**WORK TO BE COMPLETED:** Using the records below, output the stretch that opens with the line containing "#20 bottle at [391, 173, 490, 258]" and closes with the line containing "#21 container at [726, 539, 948, 720]", exactly and including both lines, with nothing more.

**SUPPLIED DATA:**
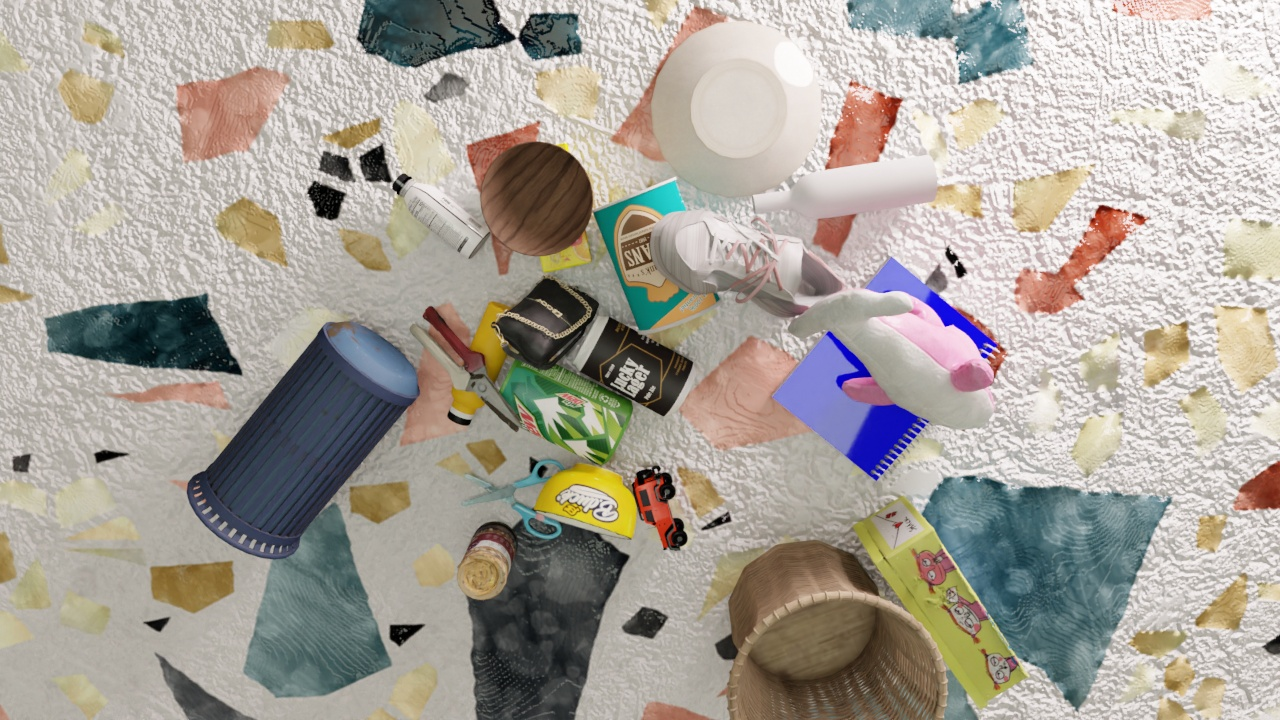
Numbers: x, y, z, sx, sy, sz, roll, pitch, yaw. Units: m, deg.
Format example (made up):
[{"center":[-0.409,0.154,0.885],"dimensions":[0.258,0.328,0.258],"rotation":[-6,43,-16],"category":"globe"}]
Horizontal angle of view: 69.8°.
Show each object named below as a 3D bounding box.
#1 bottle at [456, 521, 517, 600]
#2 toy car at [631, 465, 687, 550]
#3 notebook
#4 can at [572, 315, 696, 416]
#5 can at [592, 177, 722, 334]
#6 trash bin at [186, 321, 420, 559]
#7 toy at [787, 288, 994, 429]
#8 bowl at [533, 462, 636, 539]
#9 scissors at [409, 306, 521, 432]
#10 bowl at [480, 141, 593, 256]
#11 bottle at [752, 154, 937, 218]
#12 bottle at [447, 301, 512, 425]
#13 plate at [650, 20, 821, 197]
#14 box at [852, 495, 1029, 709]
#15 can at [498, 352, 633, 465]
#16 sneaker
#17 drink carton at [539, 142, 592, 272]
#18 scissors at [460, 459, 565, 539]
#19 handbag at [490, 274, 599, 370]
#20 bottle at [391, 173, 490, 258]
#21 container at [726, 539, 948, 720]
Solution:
[{"center":[-0.176,0.231,1.064],"dimensions":[0.056,0.105,0.056],"rotation":[0,100,0],"category":"bottle"},{"center":[0.022,0.176,1.081],"dimensions":[0.049,0.051,0.100],"rotation":[-15,100,0],"category":"toy car"},{"center":[0.285,0.014,1.067],"dimensions":[0.171,0.022,0.209],"rotation":[39,98,-5],"category":"notebook"},{"center":[-0.006,0.006,1.038],"dimensions":[0.128,0.072,0.072],"rotation":[28,99,-5],"category":"can"},{"center":[0.018,-0.114,1.001],"dimensions":[0.099,0.099,0.144],"rotation":[-21,100,4],"category":"can"},{"center":[-0.366,0.082,1.021],"dimensions":[0.139,0.139,0.250],"rotation":[40,97,-7],"category":"trash bin"},{"center":[0.292,-0.019,0.991],"dimensions":[0.265,0.187,0.127],"rotation":[31,63,-28],"category":"toy"},{"center":[-0.057,0.158,1.052],"dimensions":[0.117,0.117,0.067],"rotation":[18,76,-3],"category":"bowl"},{"center":[-0.189,0.005,1.017],"dimensions":[0.189,0.015,0.140],"rotation":[8,82,27],"category":"scissors"},{"center":[-0.109,-0.172,0.980],"dimensions":[0.119,0.032,0.119],"rotation":[0,100,1],"category":"bowl"},{"center":[0.222,-0.186,1.012],"dimensions":[0.195,0.052,0.052],"rotation":[-8,101,2],"category":"bottle"},{"center":[-0.181,0.006,1.052],"dimensions":[0.043,0.043,0.144],"rotation":[24,100,-5],"category":"bottle"},{"center":[0.107,-0.275,1.007],"dimensions":[0.189,0.027,0.189],"rotation":[0,101,0],"category":"plate"},{"center":[0.346,0.279,1.067],"dimensions":[0.079,0.124,0.221],"rotation":[-32,101,6],"category":"box"},{"center":[-0.088,0.053,1.041],"dimensions":[0.144,0.083,0.083],"rotation":[26,99,-5],"category":"can"},{"center":[0.122,-0.103,0.957],"dimensions":[0.235,0.090,0.099],"rotation":[13,77,-35],"category":"sneaker"},{"center":[-0.094,-0.169,1.020],"dimensions":[0.058,0.043,0.134],"rotation":[-12,101,1],"category":"drink carton"},{"center":[-0.144,0.153,1.096],"dimensions":[0.139,0.015,0.118],"rotation":[29,99,-11],"category":"scissors"},{"center":[-0.107,-0.045,1.018],"dimensions":[0.079,0.128,0.054],"rotation":[37,142,9],"category":"handbag"},{"center":[-0.224,-0.164,1.021],"dimensions":[0.116,0.041,0.041],"rotation":[39,98,-7],"category":"bottle"},{"center":[0.203,0.327,1.036],"dimensions":[0.227,0.196,0.227],"rotation":[0,101,0],"category":"container"}]
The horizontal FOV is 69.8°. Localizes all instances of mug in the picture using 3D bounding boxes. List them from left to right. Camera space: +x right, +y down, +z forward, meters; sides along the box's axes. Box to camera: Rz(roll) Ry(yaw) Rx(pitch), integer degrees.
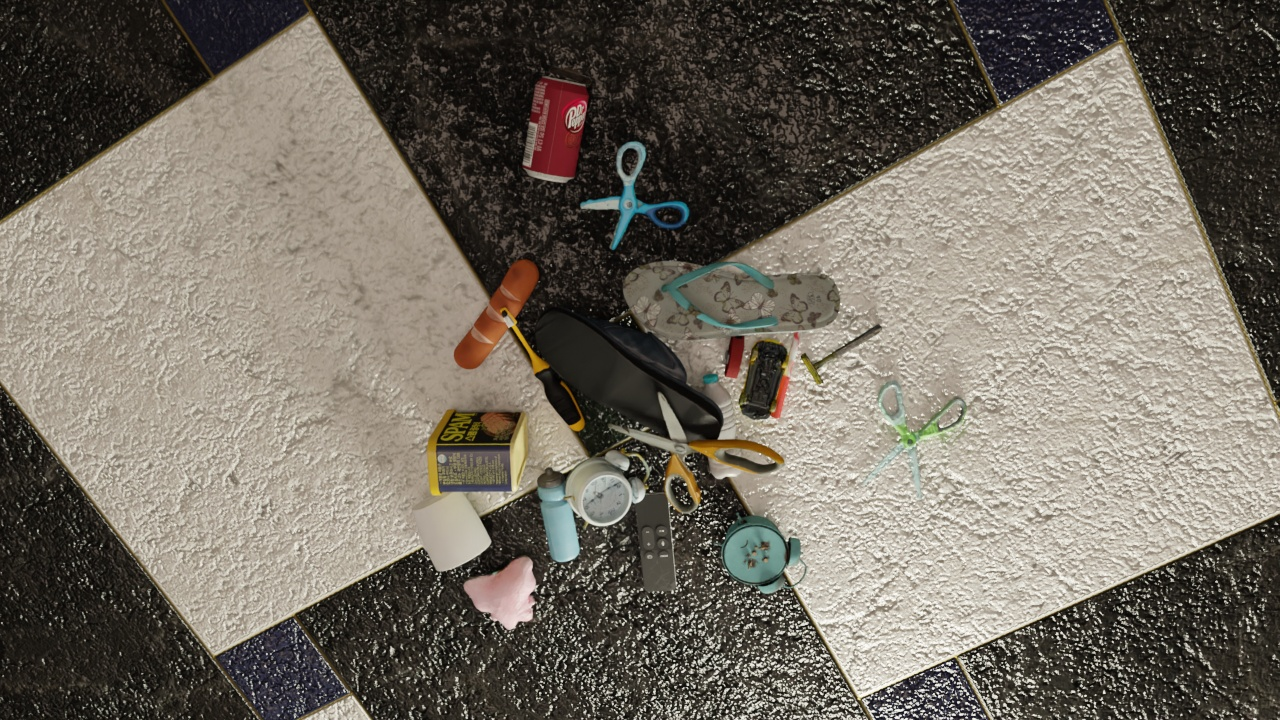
[{"bbox_3d":[-0.267,0.226,1.236,0.114,0.080,0.087,-19,100,40],"label":"mug"}]

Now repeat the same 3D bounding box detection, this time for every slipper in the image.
[{"bbox_3d":[-0.007,0.007,1.155,0.265,0.083,0.109,31,138,-5],"label":"slipper"},{"bbox_3d":[0.111,-0.071,1.120,0.269,0.055,0.098,4,86,0],"label":"slipper"}]

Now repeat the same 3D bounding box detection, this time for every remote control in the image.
[{"bbox_3d":[0.021,0.249,1.255,0.045,0.008,0.147,-4,106,4],"label":"remote control"}]

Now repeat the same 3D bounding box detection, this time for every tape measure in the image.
[{"bbox_3d":[0.117,-0.008,1.152,0.019,0.051,0.059,10,107,0],"label":"tape measure"}]

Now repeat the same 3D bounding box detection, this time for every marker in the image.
[{"bbox_3d":[0.191,0.008,1.173,0.013,0.012,0.142,12,106,-1],"label":"marker"}]

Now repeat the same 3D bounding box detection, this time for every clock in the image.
[{"bbox_3d":[-0.042,0.165,1.204,0.117,0.057,0.083,-35,110,-10],"label":"clock"},{"bbox_3d":[0.165,0.258,1.226,0.124,0.053,0.090,33,106,-6],"label":"clock"}]

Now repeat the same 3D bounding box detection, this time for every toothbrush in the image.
[{"bbox_3d":[-0.124,0.013,1.168,0.031,0.030,0.197,-26,115,11],"label":"toothbrush"}]

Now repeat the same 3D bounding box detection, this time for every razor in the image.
[{"bbox_3d":[0.258,-0.014,1.159,0.106,0.026,0.042,-32,100,7],"label":"razor"}]

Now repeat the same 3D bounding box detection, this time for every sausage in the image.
[{"bbox_3d":[-0.180,-0.057,1.158,0.039,0.044,0.164,40,105,12],"label":"sausage"}]

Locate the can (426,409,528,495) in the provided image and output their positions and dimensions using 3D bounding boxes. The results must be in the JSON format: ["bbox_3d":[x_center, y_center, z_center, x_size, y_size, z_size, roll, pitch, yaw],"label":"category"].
[{"bbox_3d":[-0.202,0.114,1.163,0.104,0.135,0.075,0,106,0],"label":"can"}]

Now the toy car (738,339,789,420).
[{"bbox_3d":[0.156,0.025,1.170,0.049,0.030,0.107,13,104,-2],"label":"toy car"}]

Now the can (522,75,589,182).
[{"bbox_3d":[-0.100,-0.272,1.081,0.063,0.063,0.114,12,106,0],"label":"can"}]

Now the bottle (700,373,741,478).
[{"bbox_3d":[0.101,0.084,1.183,0.044,0.044,0.136,-10,105,6],"label":"bottle"}]

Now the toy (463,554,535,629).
[{"bbox_3d":[-0.183,0.322,1.265,0.102,0.050,0.093,-26,100,7],"label":"toy"}]

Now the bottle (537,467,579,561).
[{"bbox_3d":[-0.112,0.204,1.232,0.040,0.040,0.130,-8,106,5],"label":"bottle"}]

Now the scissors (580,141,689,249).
[{"bbox_3d":[-0.002,-0.195,1.125,0.140,0.011,0.134,20,104,-4],"label":"scissors"}]

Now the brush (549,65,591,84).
[{"bbox_3d":[-0.079,-0.321,1.024,0.045,0.143,0.008,15,108,-10],"label":"brush"}]

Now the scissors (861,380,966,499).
[{"bbox_3d":[0.345,0.100,1.193,0.165,0.024,0.171,43,102,-15],"label":"scissors"}]

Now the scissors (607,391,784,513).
[{"bbox_3d":[0.065,0.126,1.161,0.225,0.016,0.230,14,136,10],"label":"scissors"}]
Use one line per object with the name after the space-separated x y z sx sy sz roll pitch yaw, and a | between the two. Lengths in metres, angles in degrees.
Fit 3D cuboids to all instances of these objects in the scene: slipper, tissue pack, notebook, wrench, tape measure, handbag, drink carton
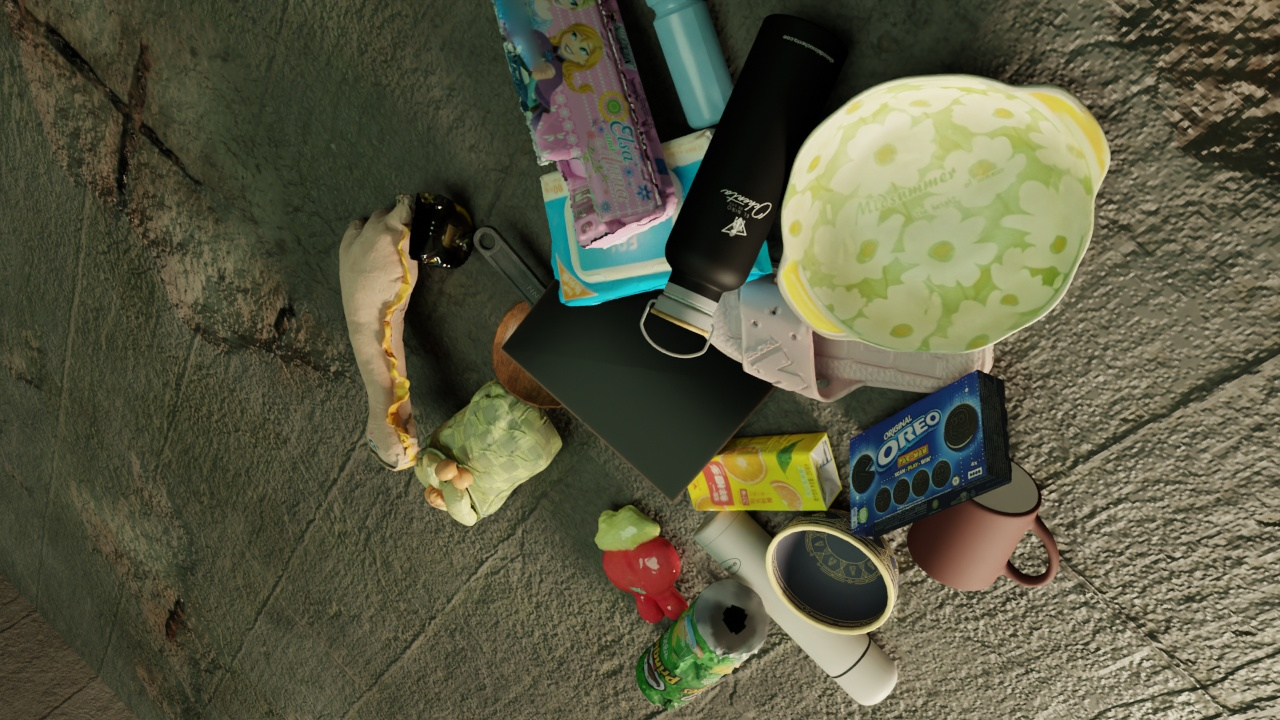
0.142 -0.015 0.702 0.240 0.064 0.094 11 123 27 | slipper
0.002 -0.108 0.729 0.210 0.065 0.117 -6 96 39 | tissue pack
-0.005 0.005 0.808 0.209 0.008 0.141 41 104 7 | notebook
-0.057 -0.016 0.844 0.073 0.018 0.273 -38 98 23 | wrench
-0.184 -0.116 0.862 0.038 0.062 0.067 8 84 29 | tape measure
-0.168 0.099 0.946 0.113 0.116 0.187 49 134 0 | handbag
0.104 0.099 0.812 0.135 0.042 0.058 -8 108 37 | drink carton

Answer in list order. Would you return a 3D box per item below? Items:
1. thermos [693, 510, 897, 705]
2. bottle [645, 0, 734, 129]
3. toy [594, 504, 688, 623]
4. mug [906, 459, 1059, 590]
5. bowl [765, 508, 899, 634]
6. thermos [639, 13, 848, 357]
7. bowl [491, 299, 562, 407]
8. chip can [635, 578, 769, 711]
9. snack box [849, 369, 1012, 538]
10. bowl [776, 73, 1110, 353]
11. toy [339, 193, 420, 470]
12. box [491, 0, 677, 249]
0.145 0.225 0.852 0.224 0.052 0.052 45 132 3 | thermos
0.033 -0.234 0.659 0.040 0.040 0.130 -8 112 37 | bottle
0.003 0.211 0.945 0.092 0.045 0.135 -23 98 38 | toy
0.266 0.128 0.694 0.106 0.073 0.083 30 130 23 | mug
0.172 0.173 0.795 0.112 0.061 0.113 17 125 26 | bowl
0.064 -0.111 0.620 0.061 0.061 0.231 25 95 20 | thermos
-0.088 -0.012 0.876 0.102 0.026 0.114 27 114 1 | bowl
0.056 0.283 0.899 0.075 0.075 0.224 38 147 9 | chip can
0.208 0.072 0.679 0.027 0.082 0.151 17 149 -20 | snack box
0.191 -0.099 0.605 0.220 0.060 0.188 -35 102 32 | bowl
-0.251 -0.021 0.916 0.197 0.065 0.264 -14 84 56 | toy
-0.058 -0.200 0.657 0.085 0.096 0.230 -21 82 40 | box
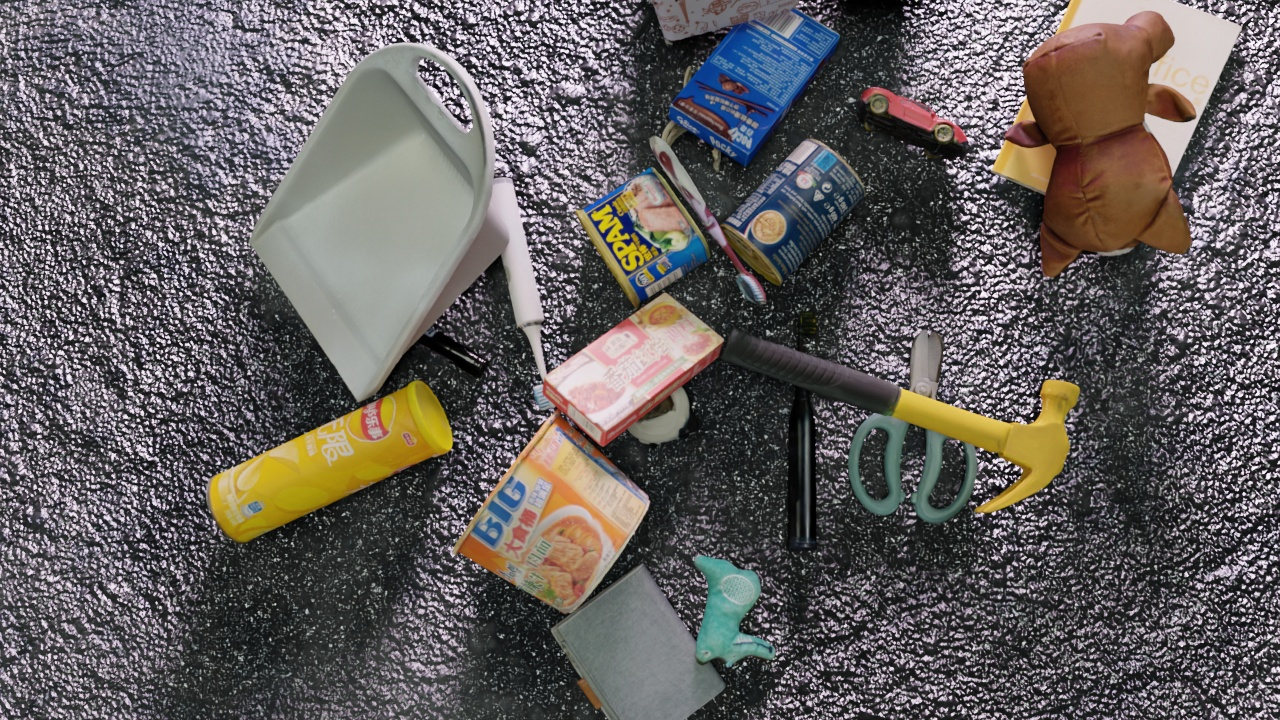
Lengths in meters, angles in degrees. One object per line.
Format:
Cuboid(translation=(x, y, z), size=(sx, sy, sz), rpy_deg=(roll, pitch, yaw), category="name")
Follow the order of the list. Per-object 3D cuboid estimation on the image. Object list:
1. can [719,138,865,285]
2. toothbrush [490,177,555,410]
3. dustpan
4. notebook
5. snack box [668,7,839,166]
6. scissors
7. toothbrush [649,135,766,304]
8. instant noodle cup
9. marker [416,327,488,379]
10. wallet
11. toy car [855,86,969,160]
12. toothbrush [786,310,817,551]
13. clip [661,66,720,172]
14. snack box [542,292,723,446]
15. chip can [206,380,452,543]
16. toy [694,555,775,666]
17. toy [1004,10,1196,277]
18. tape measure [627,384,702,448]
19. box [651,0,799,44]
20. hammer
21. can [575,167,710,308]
Cuboid(translation=(0.135, -0.132, 0.810), size=(0.075, 0.075, 0.111), rpy_deg=(44, 90, 8), category="can")
Cuboid(translation=(-0.109, -0.062, 0.855), size=(0.026, 0.027, 0.221), rpy_deg=(-13, 84, -9), category="toothbrush")
Cuboid(translation=(-0.233, -0.139, 0.805), size=(0.257, 0.142, 0.222), rpy_deg=(-39, 71, -2), category="dustpan")
Cuboid(translation=(0.425, -0.232, 0.820), size=(0.146, 0.010, 0.206), rpy_deg=(26, 88, 8), category="notebook")
Cuboid(translation=(0.103, -0.257, 0.830), size=(0.084, 0.026, 0.157), rpy_deg=(35, 73, 8), category="snack box")
Cuboid(translation=(0.225, 0.055, 0.814), size=(0.129, 0.019, 0.185), rpy_deg=(-10, 82, 5), category="scissors")
Cuboid(translation=(0.054, -0.124, 0.795), size=(0.016, 0.017, 0.187), rpy_deg=(-42, 69, 33), category="toothbrush")
Cuboid(translation=(-0.070, 0.133, 0.779), size=(0.111, 0.151, 0.151), rpy_deg=(37, 89, 0), category="instant noodle cup")
Cuboid(translation=(-0.203, -0.023, 0.866), size=(0.132, 0.020, 0.022), rpy_deg=(29, 117, 7), category="marker")
Cuboid(translation=(-0.004, 0.263, 0.810), size=(0.106, 0.037, 0.129), rpy_deg=(-34, 83, -9), category="wallet")
Cuboid(translation=(0.244, -0.211, 0.819), size=(0.106, 0.049, 0.031), rpy_deg=(29, 90, 9), category="toy car")
Cuboid(translation=(0.145, 0.061, 0.817), size=(0.027, 0.026, 0.212), rpy_deg=(1, 84, 14), category="toothbrush")
Cuboid(translation=(0.038, -0.217, 0.850), size=(0.096, 0.035, 0.101), rpy_deg=(-24, 78, 2), category="clip")
Cuboid(translation=(-0.005, 0.005, 0.793), size=(0.075, 0.026, 0.152), rpy_deg=(41, 56, 20), category="snack box")
Cuboid(translation=(-0.282, 0.092, 0.837), size=(0.213, 0.072, 0.072), rpy_deg=(-24, 83, 4), category="chip can")
Cuboid(translation=(0.080, 0.226, 0.804), size=(0.096, 0.030, 0.091), rpy_deg=(21, 77, -12), category="toy")
Cuboid(translation=(0.385, -0.176, 0.765), size=(0.130, 0.140, 0.199), rpy_deg=(-4, 84, -35), category="toy")
Cuboid(translation=(0.015, 0.044, 0.829), size=(0.066, 0.033, 0.065), rpy_deg=(-20, 81, 4), category="tape measure")
Cuboid(translation=(0.132, -0.396, 0.813), size=(0.261, 0.103, 0.178), rpy_deg=(-9, 68, 10), category="box")
Cuboid(translation=(0.216, 0.036, 0.788), size=(0.301, 0.033, 0.128), rpy_deg=(20, 83, 5), category="hammer")
Cuboid(translation=(0.003, -0.112, 0.828), size=(0.083, 0.057, 0.102), rpy_deg=(-33, 73, 0), category="can")
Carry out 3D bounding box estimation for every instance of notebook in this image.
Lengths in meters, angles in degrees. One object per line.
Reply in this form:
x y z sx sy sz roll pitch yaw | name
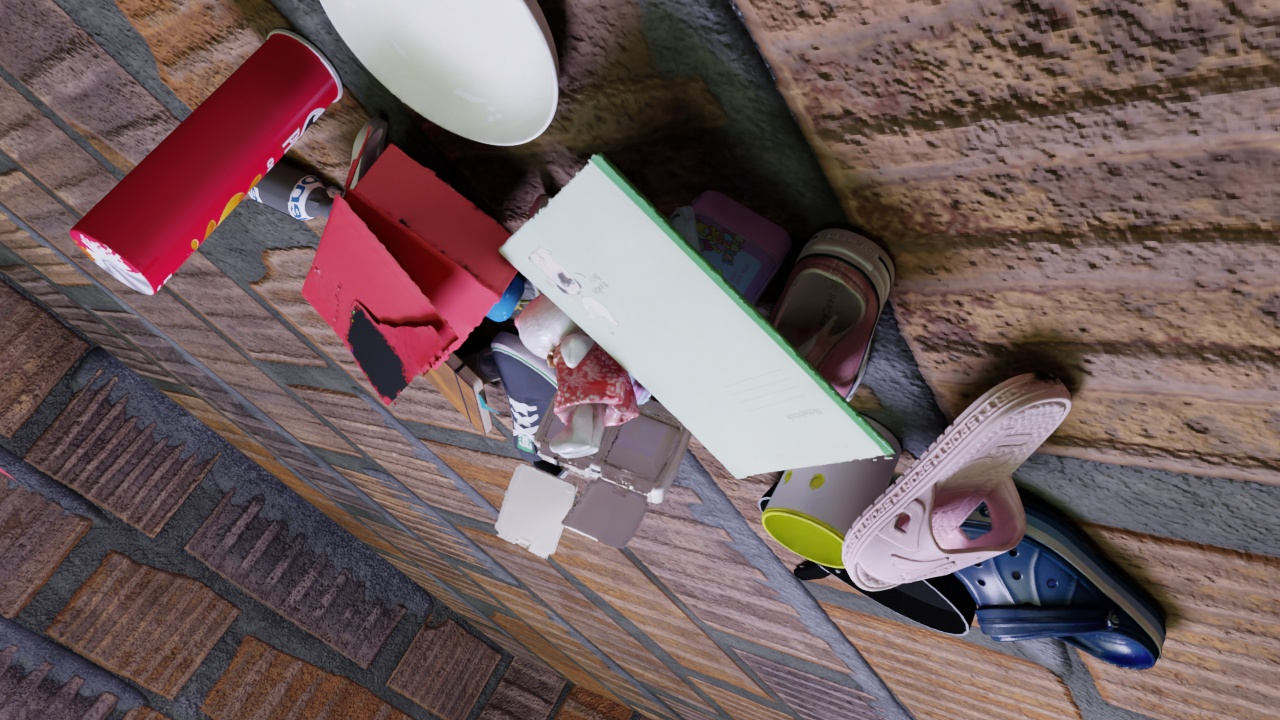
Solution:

**EXPECTED ANSWER:**
#20 bottle at [391, 173, 490, 258]
#21 container at [726, 539, 948, 720]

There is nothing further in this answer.